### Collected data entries
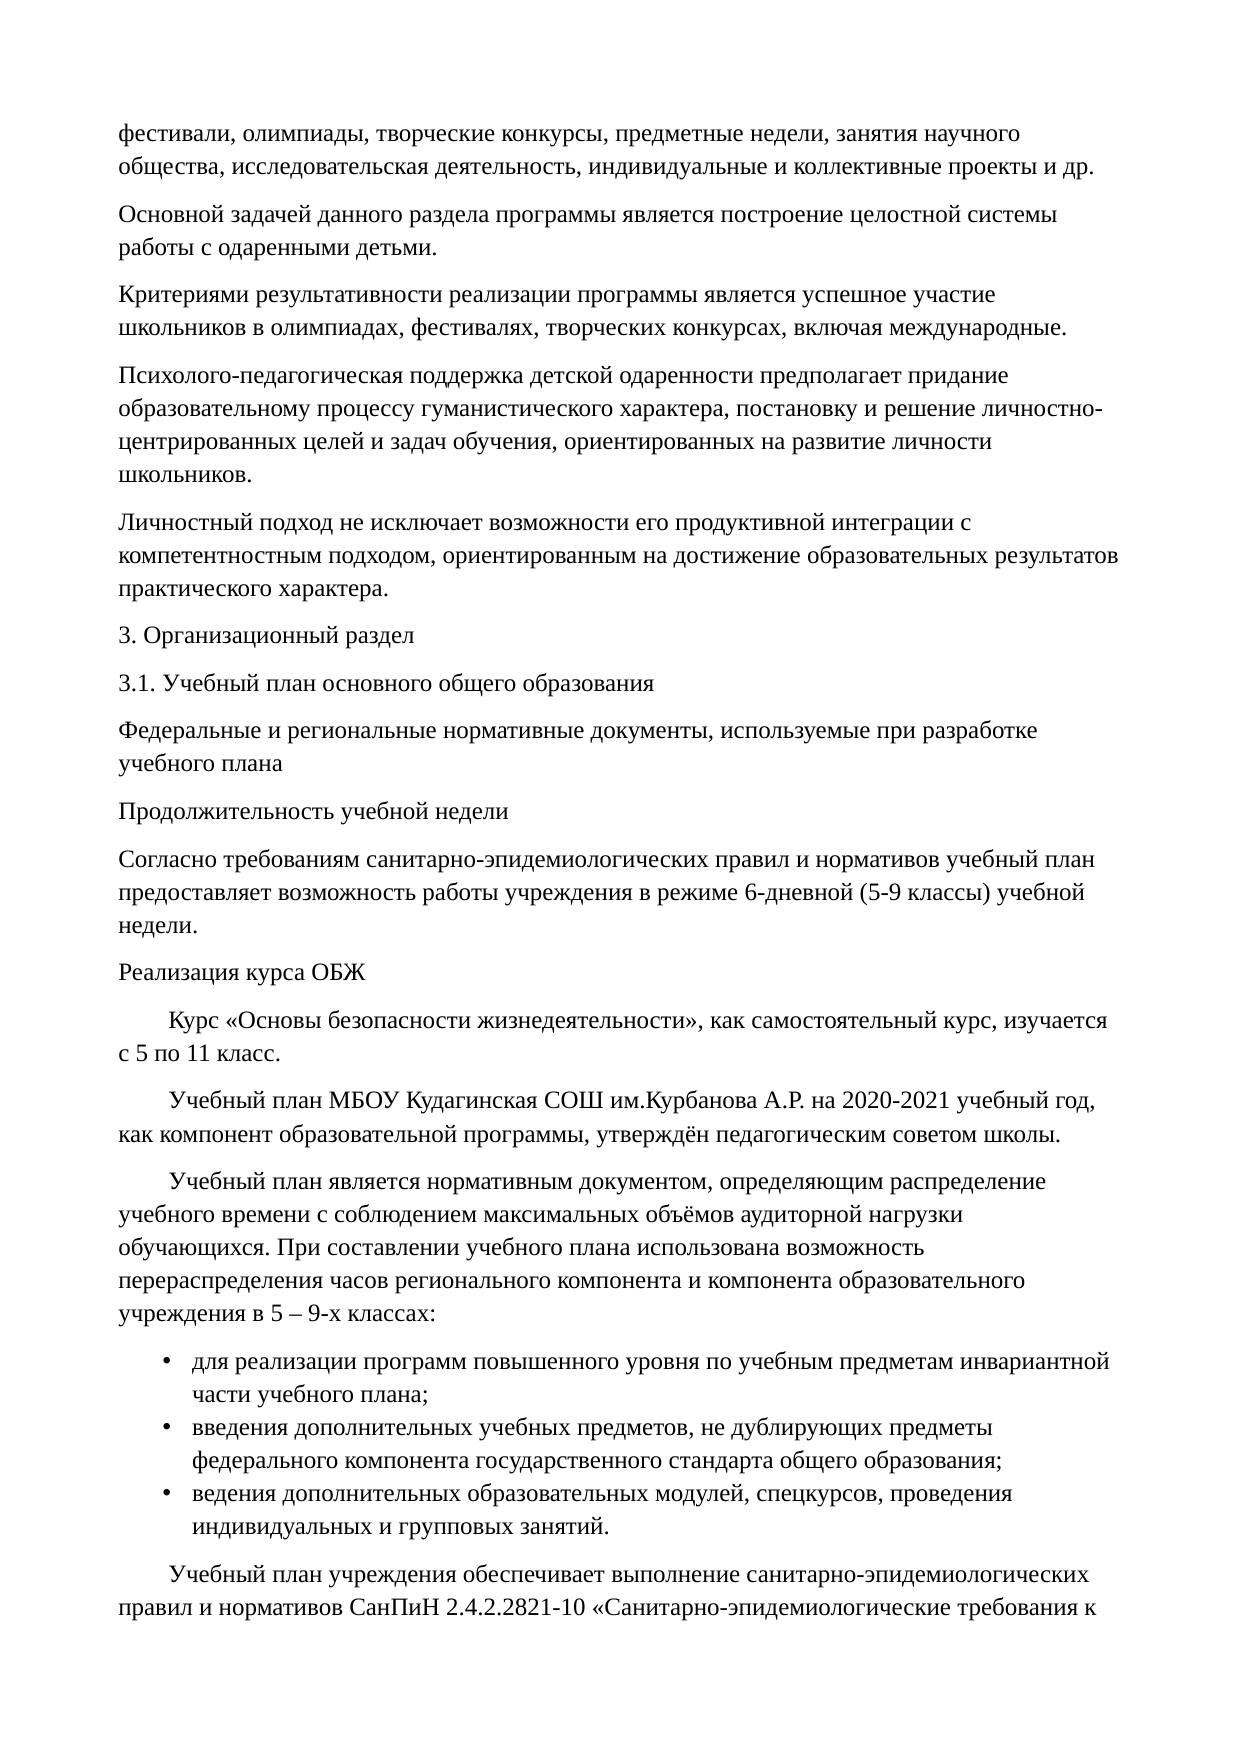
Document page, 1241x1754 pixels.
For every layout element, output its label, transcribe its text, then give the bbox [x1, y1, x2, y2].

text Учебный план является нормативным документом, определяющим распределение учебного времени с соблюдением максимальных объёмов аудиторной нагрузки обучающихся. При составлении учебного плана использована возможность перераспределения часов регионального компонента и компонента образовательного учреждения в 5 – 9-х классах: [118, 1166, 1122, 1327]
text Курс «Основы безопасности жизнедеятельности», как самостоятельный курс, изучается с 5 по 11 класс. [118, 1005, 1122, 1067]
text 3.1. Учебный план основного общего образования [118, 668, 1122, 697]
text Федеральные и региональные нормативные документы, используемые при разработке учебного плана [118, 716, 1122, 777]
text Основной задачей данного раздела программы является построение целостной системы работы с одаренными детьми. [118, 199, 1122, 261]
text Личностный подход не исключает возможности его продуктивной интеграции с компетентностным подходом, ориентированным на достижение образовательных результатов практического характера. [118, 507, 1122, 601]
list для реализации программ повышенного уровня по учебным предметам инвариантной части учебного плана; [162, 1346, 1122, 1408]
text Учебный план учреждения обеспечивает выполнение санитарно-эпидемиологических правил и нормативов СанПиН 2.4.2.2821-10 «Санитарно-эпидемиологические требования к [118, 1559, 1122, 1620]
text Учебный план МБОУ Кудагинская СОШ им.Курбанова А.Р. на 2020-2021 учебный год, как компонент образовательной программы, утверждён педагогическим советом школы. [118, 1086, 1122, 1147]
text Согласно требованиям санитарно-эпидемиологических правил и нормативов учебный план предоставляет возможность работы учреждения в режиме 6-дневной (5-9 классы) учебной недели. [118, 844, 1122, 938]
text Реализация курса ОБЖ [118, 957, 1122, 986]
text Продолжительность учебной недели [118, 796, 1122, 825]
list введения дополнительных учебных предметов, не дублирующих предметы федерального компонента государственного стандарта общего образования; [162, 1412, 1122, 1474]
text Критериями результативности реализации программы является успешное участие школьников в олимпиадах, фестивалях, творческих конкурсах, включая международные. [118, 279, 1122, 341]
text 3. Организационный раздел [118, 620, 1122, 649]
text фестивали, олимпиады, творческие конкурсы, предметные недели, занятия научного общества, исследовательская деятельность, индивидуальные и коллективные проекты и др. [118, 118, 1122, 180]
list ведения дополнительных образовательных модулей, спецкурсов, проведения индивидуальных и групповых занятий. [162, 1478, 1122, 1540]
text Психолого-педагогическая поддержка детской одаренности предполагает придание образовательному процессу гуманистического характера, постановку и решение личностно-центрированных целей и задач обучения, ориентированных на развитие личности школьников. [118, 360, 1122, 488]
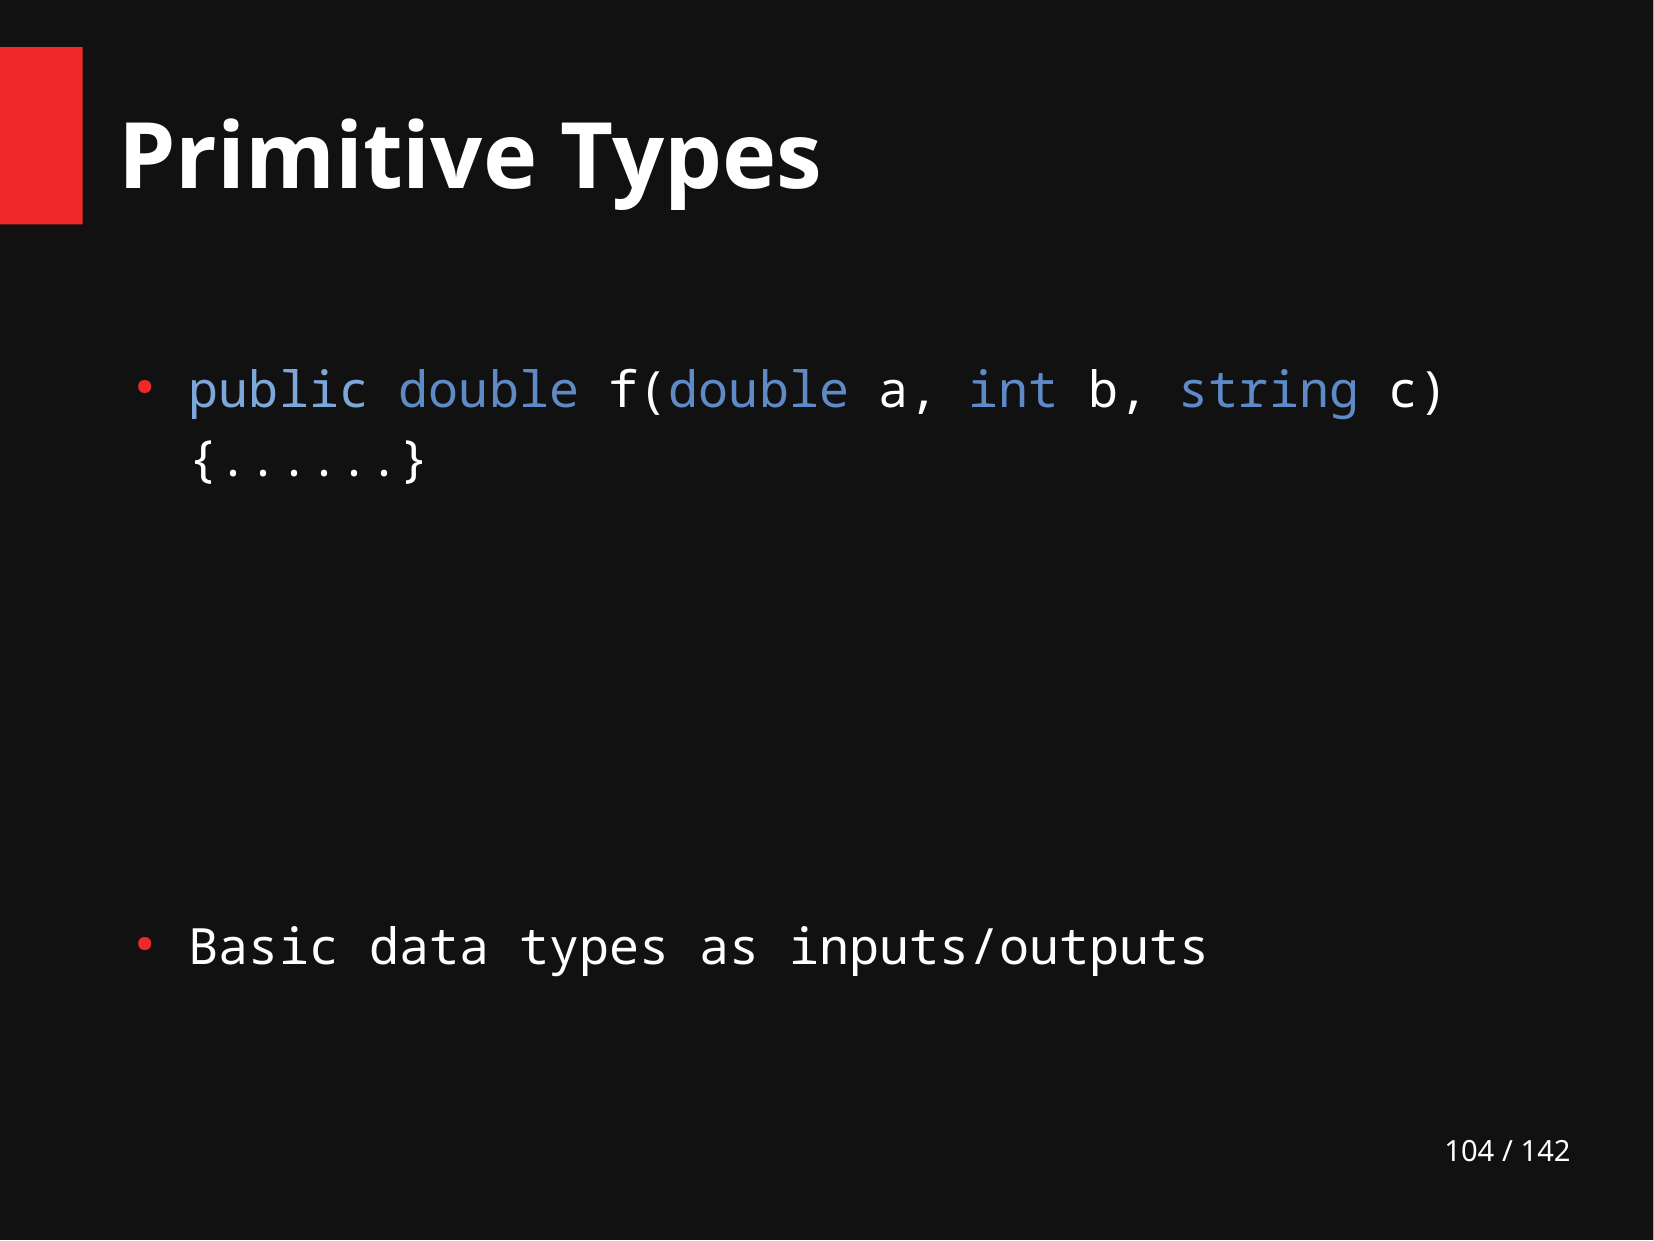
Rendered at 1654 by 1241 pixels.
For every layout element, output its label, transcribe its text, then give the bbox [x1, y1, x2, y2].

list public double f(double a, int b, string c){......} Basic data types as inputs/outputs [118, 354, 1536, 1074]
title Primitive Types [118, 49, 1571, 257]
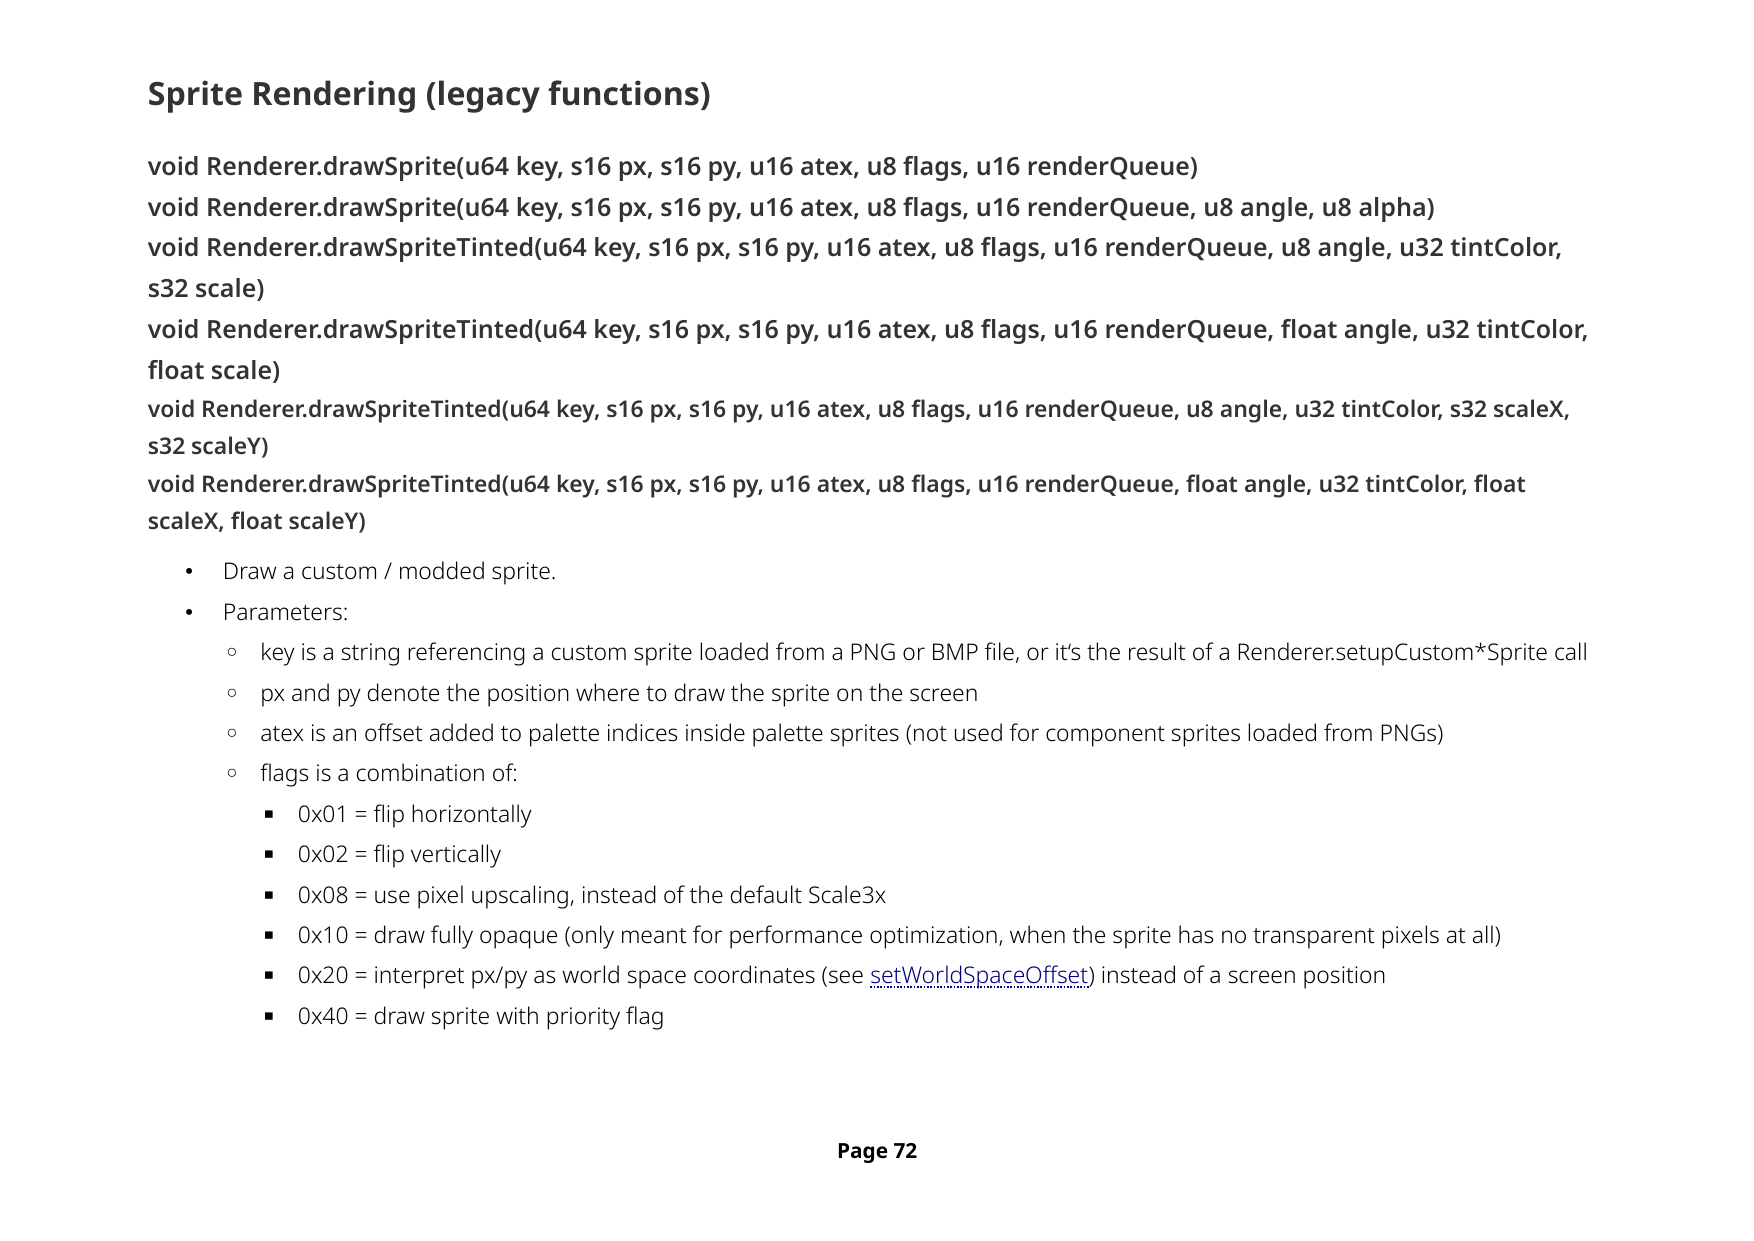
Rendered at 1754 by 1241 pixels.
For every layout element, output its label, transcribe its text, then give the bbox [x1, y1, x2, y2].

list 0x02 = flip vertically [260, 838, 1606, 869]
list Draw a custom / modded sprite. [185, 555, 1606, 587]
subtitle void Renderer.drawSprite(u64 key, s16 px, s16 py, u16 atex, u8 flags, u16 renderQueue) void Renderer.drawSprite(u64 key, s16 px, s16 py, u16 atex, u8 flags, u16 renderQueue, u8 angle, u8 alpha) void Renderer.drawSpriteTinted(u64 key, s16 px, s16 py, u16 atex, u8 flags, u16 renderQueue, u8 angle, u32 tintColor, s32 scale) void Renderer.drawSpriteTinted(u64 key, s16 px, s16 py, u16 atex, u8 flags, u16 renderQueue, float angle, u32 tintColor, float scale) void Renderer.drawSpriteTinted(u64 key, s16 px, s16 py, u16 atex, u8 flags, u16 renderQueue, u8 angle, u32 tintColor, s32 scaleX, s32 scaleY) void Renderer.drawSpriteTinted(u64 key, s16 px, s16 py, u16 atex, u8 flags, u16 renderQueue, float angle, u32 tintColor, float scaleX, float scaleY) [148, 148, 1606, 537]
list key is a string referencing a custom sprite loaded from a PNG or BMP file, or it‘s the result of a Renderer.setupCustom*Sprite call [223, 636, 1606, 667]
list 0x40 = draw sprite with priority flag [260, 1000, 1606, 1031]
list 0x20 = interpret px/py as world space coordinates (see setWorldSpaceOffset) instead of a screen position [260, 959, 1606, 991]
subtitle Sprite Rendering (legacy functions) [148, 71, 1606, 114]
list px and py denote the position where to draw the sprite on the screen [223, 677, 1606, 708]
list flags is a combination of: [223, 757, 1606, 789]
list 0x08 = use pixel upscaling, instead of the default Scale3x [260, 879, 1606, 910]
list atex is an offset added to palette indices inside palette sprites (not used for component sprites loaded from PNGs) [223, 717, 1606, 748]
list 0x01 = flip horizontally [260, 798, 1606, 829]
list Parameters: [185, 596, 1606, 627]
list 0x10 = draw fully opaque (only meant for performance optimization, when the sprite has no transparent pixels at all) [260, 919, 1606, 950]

### Exercise goal
In the data above, which lines have "программы"? Report each of them.

### Expected answer
text Основной задачей данного раздела программы является построение целостной системы работы с одаренными детьми. [118, 199, 1122, 261]
text Учебный план МБОУ Кудагинская СОШ им.Курбанова А.Р. на 2020-2021 учебный год, как компонент образовательной программы, утверждён педагогическим советом школы. [118, 1086, 1122, 1147]
text Критериями результативности реализации программы является успешное участие школьников в олимпиадах, фестивалях, творческих конкурсах, включая международные. [118, 279, 1122, 341]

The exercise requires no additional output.